= Knez (Vlach leader) =

Hungarian and Balkan Vlach community leader

Knez or Kenez (cnez/cneaz or chinez; kenéz; kenezius, кнез) was one of the titles given to the leader of the Vlach communities in Wallachia and western Balkans during the Middle Ages.

==Terminology==
In the medieval Kingdom of Hungary, official documents, written in Latin, applied multiple terms when they mentioned the Vlach leaders (or chiefs) in the Kingdom of Hungary in the 13th and 14th centuries. The most widely used terms – kenezius and its variants – derived from the Slavic knyaz ("ruler"). The office was closely associated with communities living according to the "Vlach law", thus the term knez was replaced by the term scultetus in the northeastern regions, where German law prevailed. A territory subjected to the authority of a knez was known as keneziatus (or keneziate). Several keneziates formed a voivodate, which was subjected to a higher official, the voivode.

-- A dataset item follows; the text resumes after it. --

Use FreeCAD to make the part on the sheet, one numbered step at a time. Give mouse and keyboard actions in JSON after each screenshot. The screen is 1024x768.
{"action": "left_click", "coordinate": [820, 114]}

In the western parts of the medieval Balkans, knez was one of the terms used to refer to the leader of a Vlach katun, alongside katunar and other titles. In the 14th century and especially after the beginning of the 15th century, the term knez became more and more frequent in historical sources of the western Balkans, where it also referred to the leader of several katuns. The knez was then responsible for the social order of his community and acted as an intermediary between his people and the higher states of the feudal state of which his katun was part.

==History and status==

The nature and status of the knezes differed from region to region, according to both the district and the condition upon which they acquired the title. In Apuseni Mountains and neighbouring areas there were at least three types: where the institution of voivode was retained, knezes had a supporting role, dealing with legal cases and social order, similar to a jury, under the leadership of the voivode. In areas outside districtus Valachorum, for example around Gyulafehérvár, they became "common knezes", their "jury duty" was limited to their village and they were subordinated to local nobles. Where neither a voivode or a noble had direct control, the knezes were able to gain more power and influence, becoming members of regional petty nobility.

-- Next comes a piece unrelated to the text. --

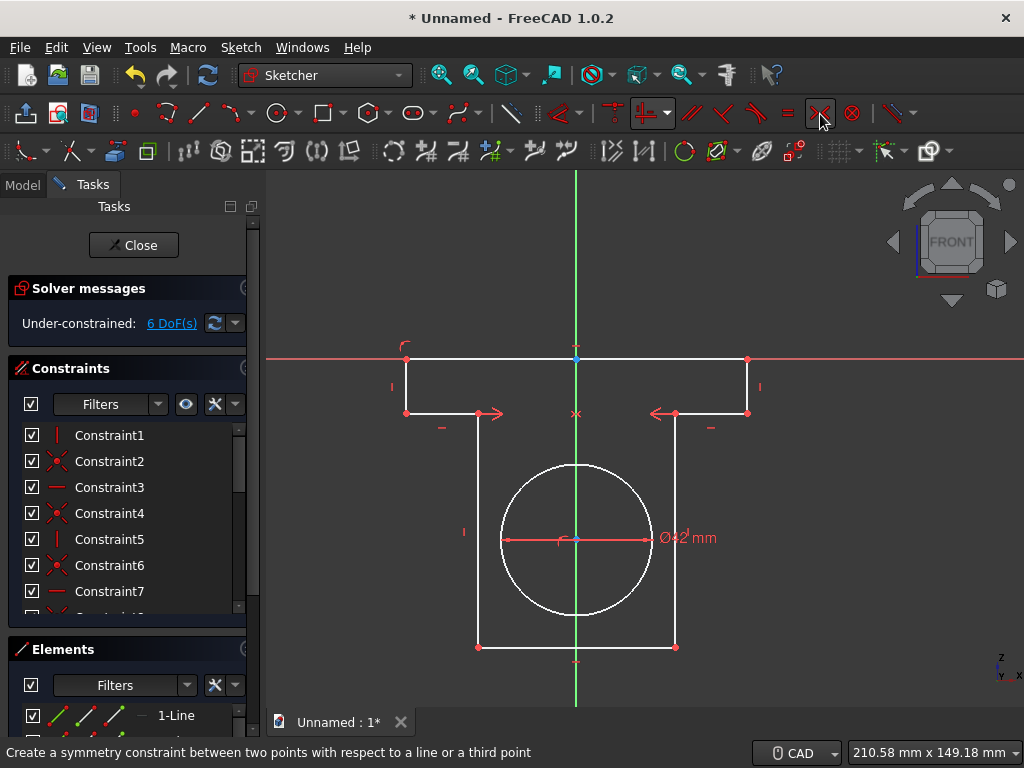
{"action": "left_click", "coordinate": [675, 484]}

As early as the 14th century, knezes had to pay an annual fee for the acknowledgement of their status by the Hungarian noble such as the kneze of Nucșoara who, from 1394, was due an ox to the voivode of Transylvania.

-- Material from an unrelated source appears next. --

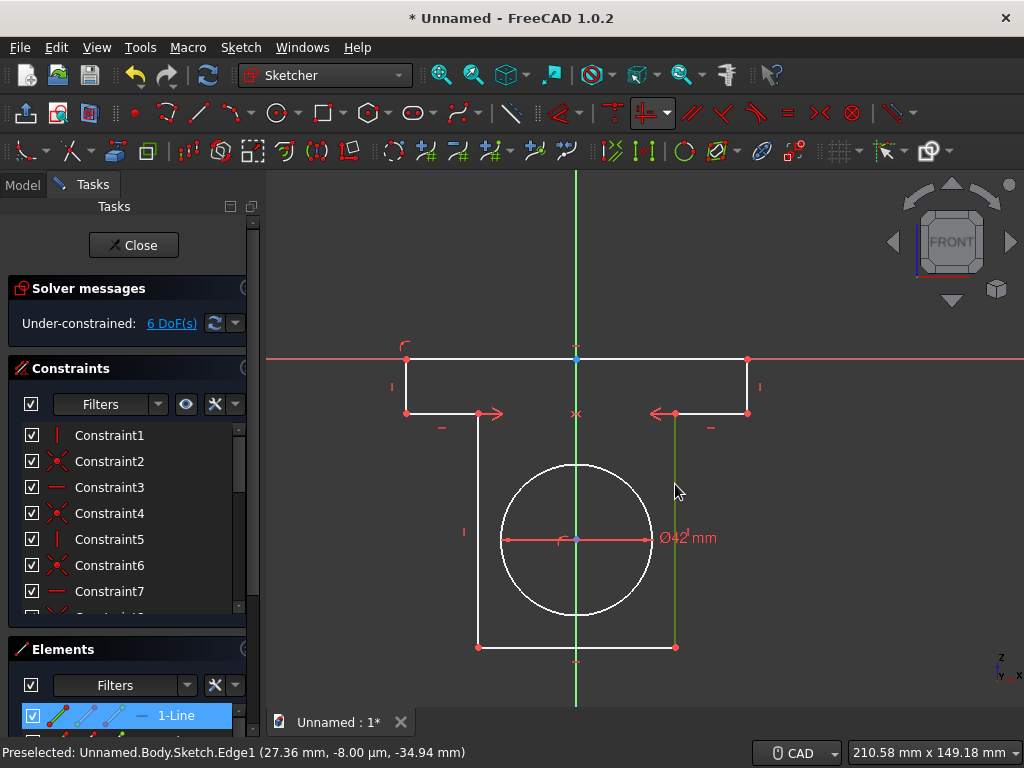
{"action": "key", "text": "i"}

During the reign of Louis I of Hungary the noble status of knezes had to be confirmed by the King, and in consequence, their titles of property and nobility became dependant on the decisions of the royal court.

The earliest mention of the title in the documents of the Kingdom of Hungary, along with the title of voivode, comes from 1247 when Béla IV of Hungary gives the "Land of Severin" to the Knights Hospitallers with two polities (kenezatus of John and Farcaș), except kenezatus of voivode Litovoi which was left to the Vlachs as they held it.